The Night Child
Page 12
Nora looks at Fiona’s innocent face, at the pink candy heart in her small hand, at the words kiss me, and at once something is wrong—nausea rises in her throat. She cups her hand over her mouth, jumps up, runs to the bathroom, and vomits.
“Mommy?”
Nora flushes the toilet, grabs a towel from the rack, sits on the edge of the tub, and wipes her face. Fiona stands in the doorway looking as if she might cry.
“Mommy, are you okay?”
“Yes, yes, of course I am honey,” she says, struggling to talk. “I think I just ate something bad for lunch, that’s all. I’ll be all right. Now could you brush your teeth please, and I’ll be right there to tuck you in.”

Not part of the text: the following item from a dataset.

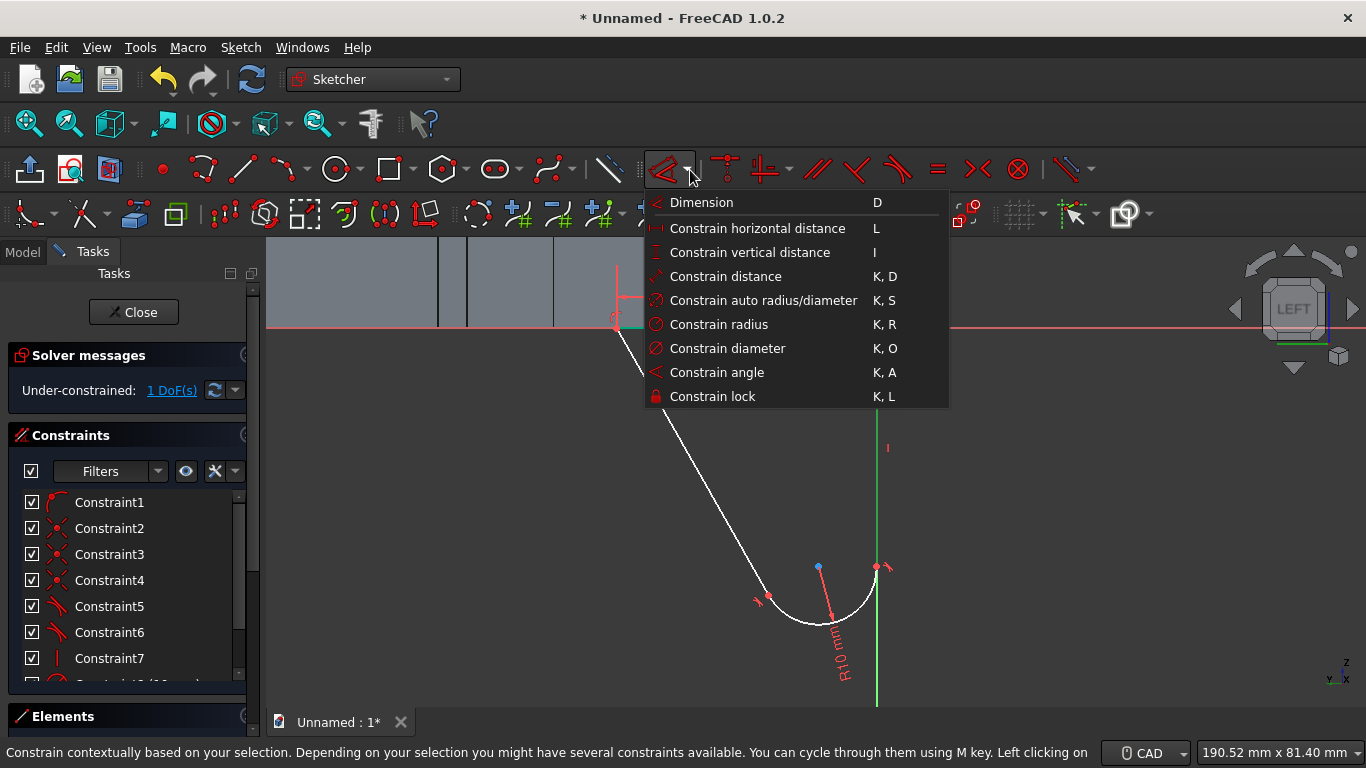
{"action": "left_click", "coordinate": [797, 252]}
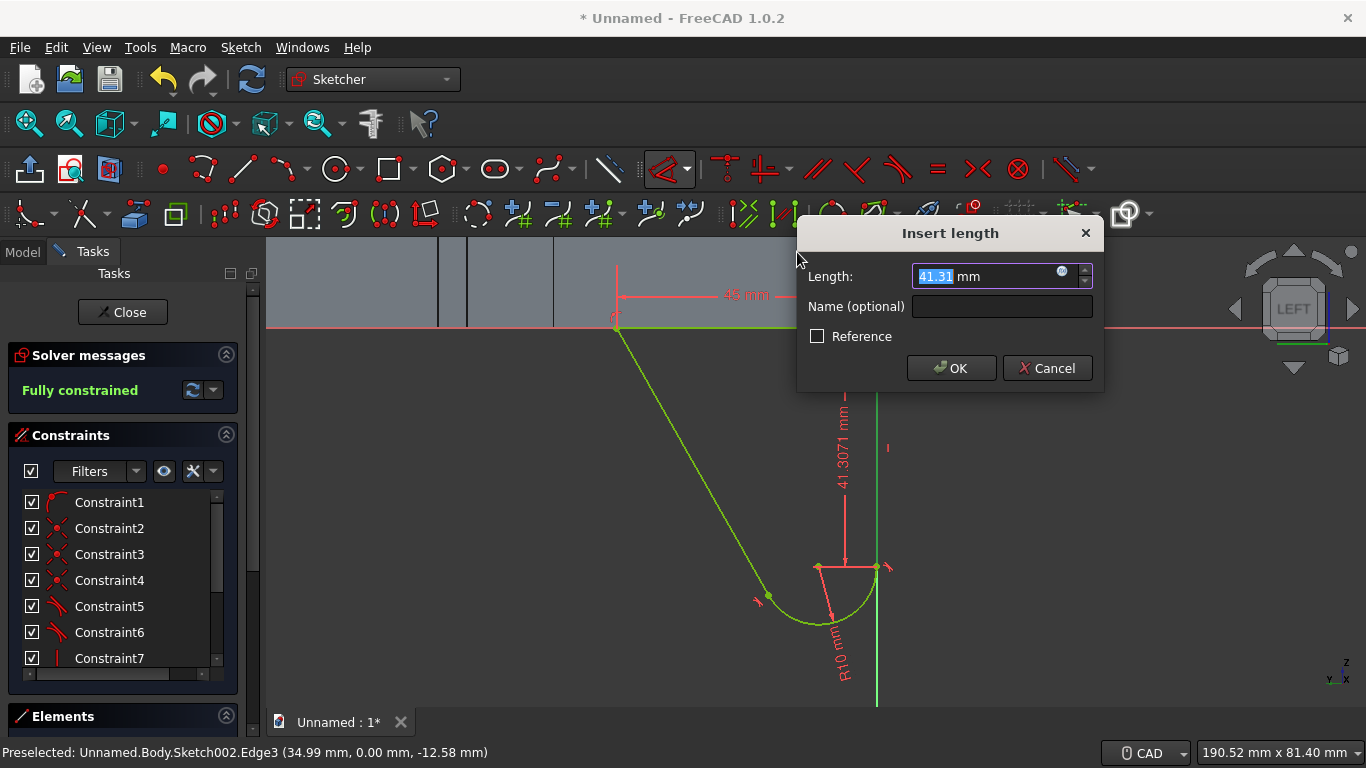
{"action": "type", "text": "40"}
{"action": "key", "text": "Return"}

The phone rings. She walks to the bedroom to answer it. It’s John.
“Nora—God. I’m so sorry to tell you this,” he says.
She already knows. “Elizabeth?” she says faintly, sits down soft on the bed.
“Two hours ago. Cut her wrists,” he says, his voice choking up. “No note.” The suffering large in his throat.
The phone cold in her hand. No, Elizabeth. Not this. She closes her eyes. Of course there wouldn’t be a note. Elizabeth had already left plenty of fucking notes.
“Fuck,” she says into the phone. John says something, but she can’t hear him through the aching.
“Mommy, are you coming?” shouts Fiona. Nora whispers goodbye to John and hangs up the phone and stands up slowly, walks slowly to Fiona’s room. Fiona is still playing with the candy hearts.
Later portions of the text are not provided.